Friday blog rescue: Pro-Track listserv alert on NYT story

(Periodically I’ll repost interesting things here from other blogs around the School of Journalism & Mass Communication.   This first one is an alert that Professor Sue Robinson sent out to the Pro-Track MA listserv.)

There are a number of reasons you should have read the cover story in the Times magazine last Sunday:

1) You should read it to see how someone can go from obscurity to having market share; how to build audiences and then how to keep them.

2) You should read it to see how you write stories that work.

3) You should read it because it’s good journalism. Look at how much time the author spent with the subject. Look at how he reconciled data that was inconsistent. Look at the specifics he got.

4) You should read it if you are interested in books.

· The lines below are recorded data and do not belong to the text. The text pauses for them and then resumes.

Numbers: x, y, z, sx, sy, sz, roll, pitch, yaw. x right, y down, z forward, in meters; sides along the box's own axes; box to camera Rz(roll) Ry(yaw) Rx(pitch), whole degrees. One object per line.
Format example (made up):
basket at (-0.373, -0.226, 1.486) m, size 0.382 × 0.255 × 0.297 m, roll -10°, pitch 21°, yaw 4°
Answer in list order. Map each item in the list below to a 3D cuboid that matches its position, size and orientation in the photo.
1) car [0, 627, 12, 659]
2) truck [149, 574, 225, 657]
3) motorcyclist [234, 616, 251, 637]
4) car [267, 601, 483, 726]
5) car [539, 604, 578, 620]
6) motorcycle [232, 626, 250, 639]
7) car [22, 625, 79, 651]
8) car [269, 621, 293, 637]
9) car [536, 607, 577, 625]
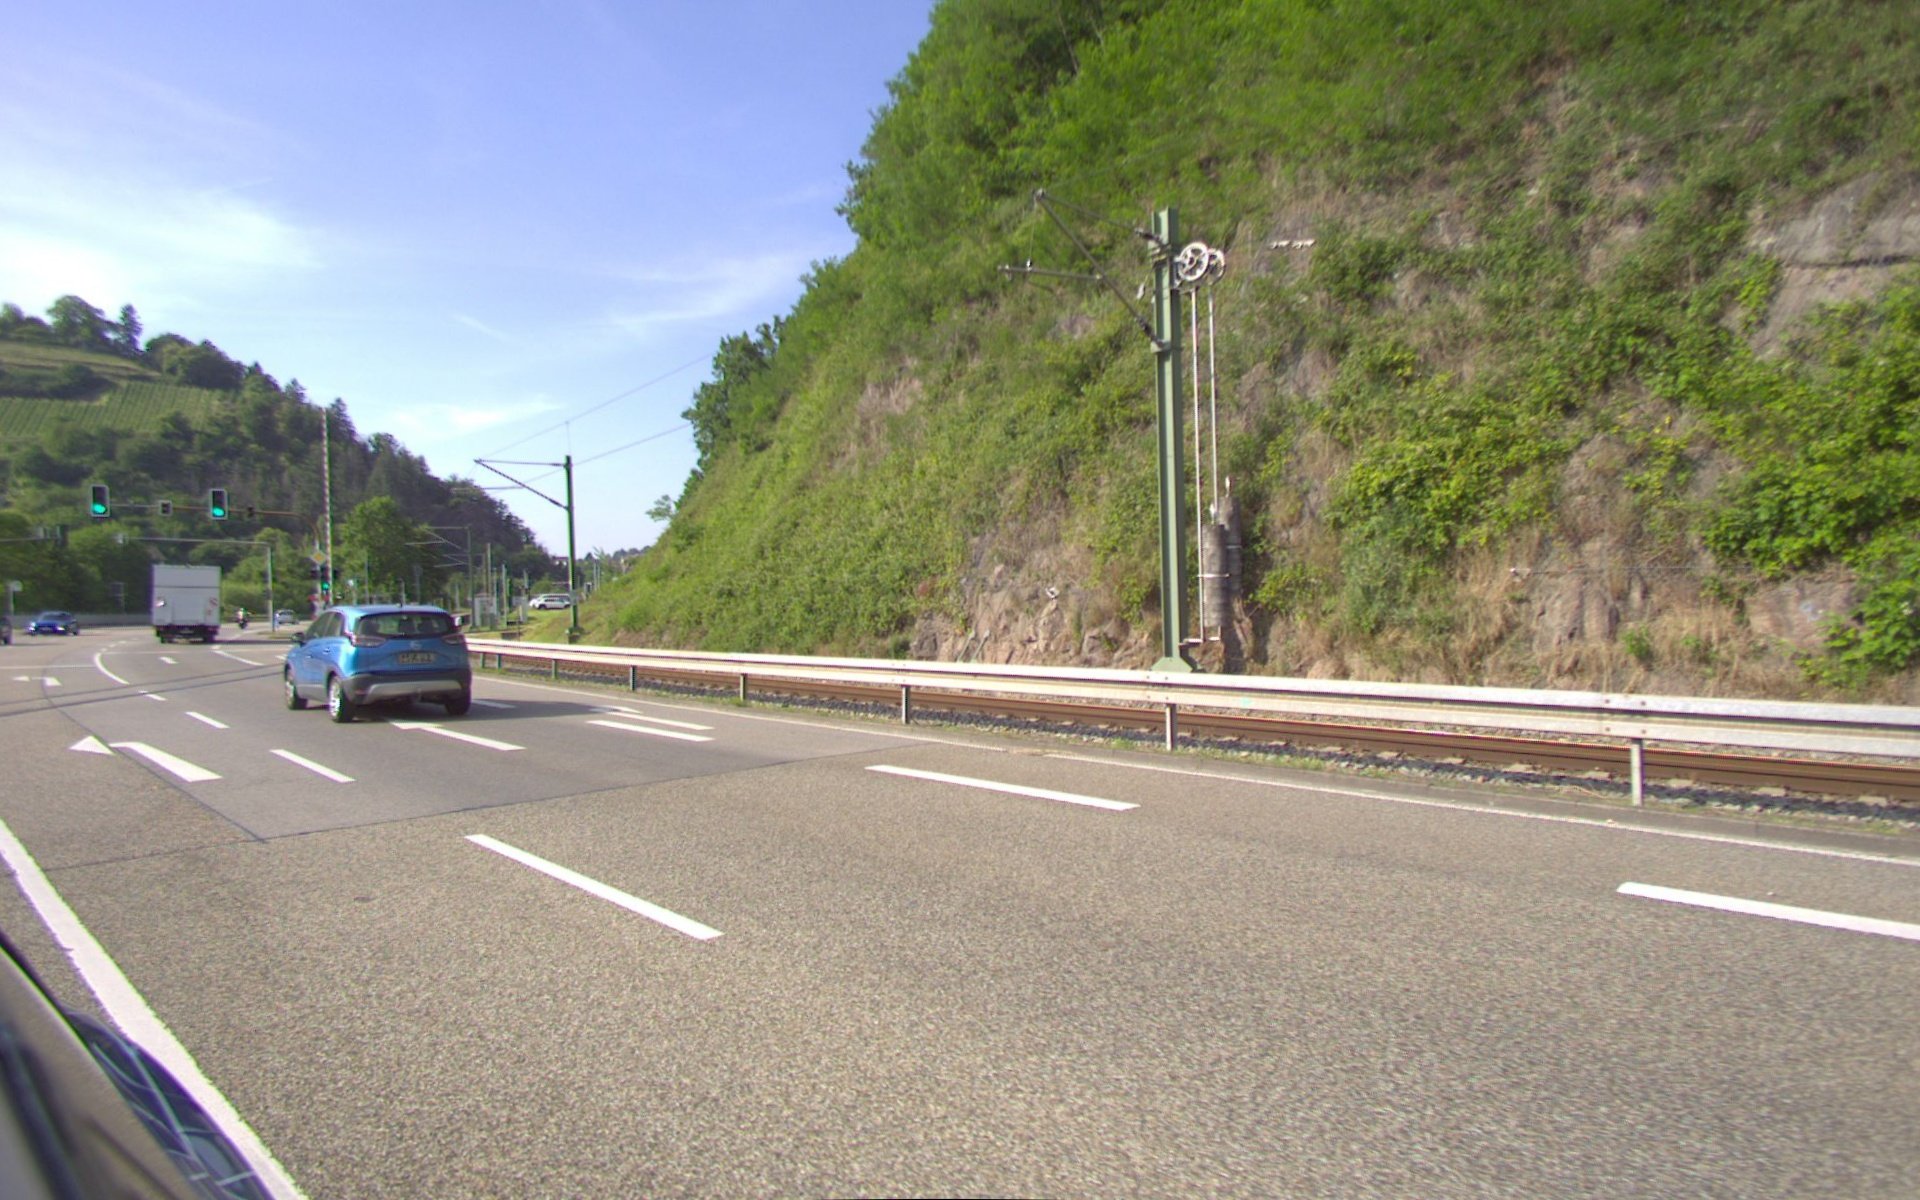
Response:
car at (-44.015, 1.953, 45.146) m, size 1.967 × 1.403 × 4.009 m, roll -1°, pitch 0°, yaw -36°
truck at (-39.197, 0.791, 51.333) m, size 2.859 × 3.827 × 8.912 m, roll 0°, pitch -1°, yaw -37°
motorcyclist at (-58.656, 2.170, 82.709) m, size 0.992 × 1.728 × 0.868 m, roll 0°, pitch -1°, yaw -28°
car at (-8.723, 0.834, 14.944) m, size 4.136 × 1.582 × 1.699 m, roll -1°, pitch -1°, yaw 44°
car at (-49.867, 1.505, 125.843) m, size 4.376 × 1.817 × 2.007 m, roll -1°, pitch 0°, yaw -20°
motorcycle at (-58.699, 2.658, 82.638) m, size 0.813 × 0.961 × 2.225 m, roll -4°, pitch 1°, yaw -26°
car at (-55.602, 2.294, 61.914) m, size 1.837 × 1.503 × 4.012 m, roll 0°, pitch -1°, yaw -31°
car at (-74.396, 3.180, 110.962) m, size 1.668 × 1.669 × 4.185 m, roll 0°, pitch 0°, yaw -27°
car at (-43.572, 1.709, 109.314) m, size 3.931 × 1.763 × 1.646 m, roll -1°, pitch 1°, yaw -18°

One thought on “Friday blog rescue: Pro-Track listserv alert on NYT story

  1. It seems that Patterson’s staying power is based upon sheer volume and continual exposure (it may be reasonable to assume that these truths are more fundamental to his ongoing success due to the less than laudatory feedback that his loyal readers have given about his recent work). Though, his consistent popularity, even throughout this “cookie-cutter” period as his contemporary work has been so described, may be hindering the industry in which he currently thrives.

    It is disheartening to read that one of the premier publishing companies in the country is forced to turn away fresh blood (ink?) because its attention is so preoccupied with Patterson’s needs. I’m sure we all have our favorite authors, a certain few to take comfort in when we need to read something that we’re sure will be enjoyed (ESPECIALLY after trying to survive through 350 pages of acid-laced psycho scripture about the absurdity that is how Pink Floyd came to be; but that’s neither here nor there), however, those who read regularly most likely possess a curiosity for the unknown; at least I know that I do, and without the ability to discover new authors with new ideas and stories, the industry could evolve in to something that is stale.

    Prohibiting new authors from having their work published because the company does not have the time is a travesty; what a discouragement it is to writers who have not yet been published. Writing a book that is “publish-worthy” is a daunting task in it of itself, but coalesced with an increased probability of rejection because of monetary constraints, the task becomes a potential impossibility.

    I hope that Patterson’s case is one that is isolated. I don’t want the pool of books that I can choose from to be diluted and I certainly feel for the authors that never stood a chance because the big companies never game them one.